Records for this task Block Start

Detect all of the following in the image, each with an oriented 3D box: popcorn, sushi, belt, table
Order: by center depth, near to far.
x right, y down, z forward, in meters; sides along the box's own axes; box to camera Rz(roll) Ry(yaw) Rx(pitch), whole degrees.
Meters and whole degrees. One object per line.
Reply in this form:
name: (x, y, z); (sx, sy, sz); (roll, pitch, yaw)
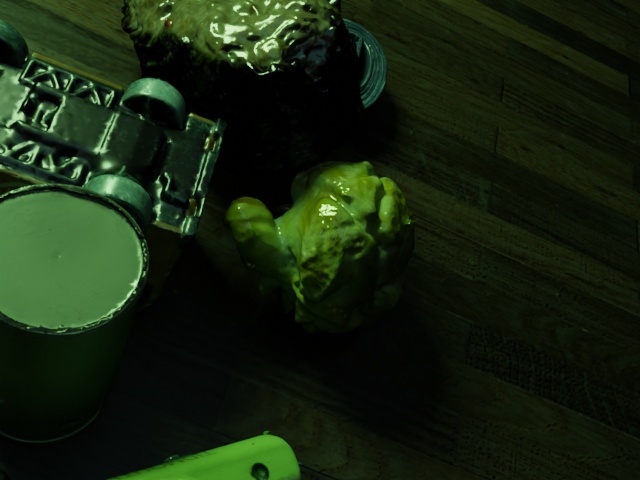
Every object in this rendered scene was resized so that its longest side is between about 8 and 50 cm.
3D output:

Records for this task Block End
Records for this task Block Start

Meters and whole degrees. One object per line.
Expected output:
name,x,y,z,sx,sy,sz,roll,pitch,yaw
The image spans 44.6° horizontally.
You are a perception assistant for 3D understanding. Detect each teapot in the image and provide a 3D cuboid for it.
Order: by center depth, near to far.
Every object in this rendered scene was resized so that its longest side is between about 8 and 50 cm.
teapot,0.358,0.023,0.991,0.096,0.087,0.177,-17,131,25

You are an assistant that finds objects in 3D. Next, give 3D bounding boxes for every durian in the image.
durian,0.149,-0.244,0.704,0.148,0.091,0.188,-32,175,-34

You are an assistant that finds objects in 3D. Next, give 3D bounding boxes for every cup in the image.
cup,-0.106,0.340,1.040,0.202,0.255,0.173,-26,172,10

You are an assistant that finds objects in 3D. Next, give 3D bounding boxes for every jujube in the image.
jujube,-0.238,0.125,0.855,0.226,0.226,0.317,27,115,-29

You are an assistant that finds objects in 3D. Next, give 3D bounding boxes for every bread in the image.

Records for this task Block End

— Required work —
Transcribe the lines above between the line holding "cup in the image." and the line holding "bread in the image.", inclusive, exactly as they stand and with nothing added.

— Response to this task —
You are an assistant that finds objects in 3D. Next, give 3D bounding boxes for every cup in the image.
cup,-0.106,0.340,1.040,0.202,0.255,0.173,-26,172,10

You are an assistant that finds objects in 3D. Next, give 3D bounding boxes for every jujube in the image.
jujube,-0.238,0.125,0.855,0.226,0.226,0.317,27,115,-29

You are an assistant that finds objects in 3D. Next, give 3D bounding boxes for every bread in the image.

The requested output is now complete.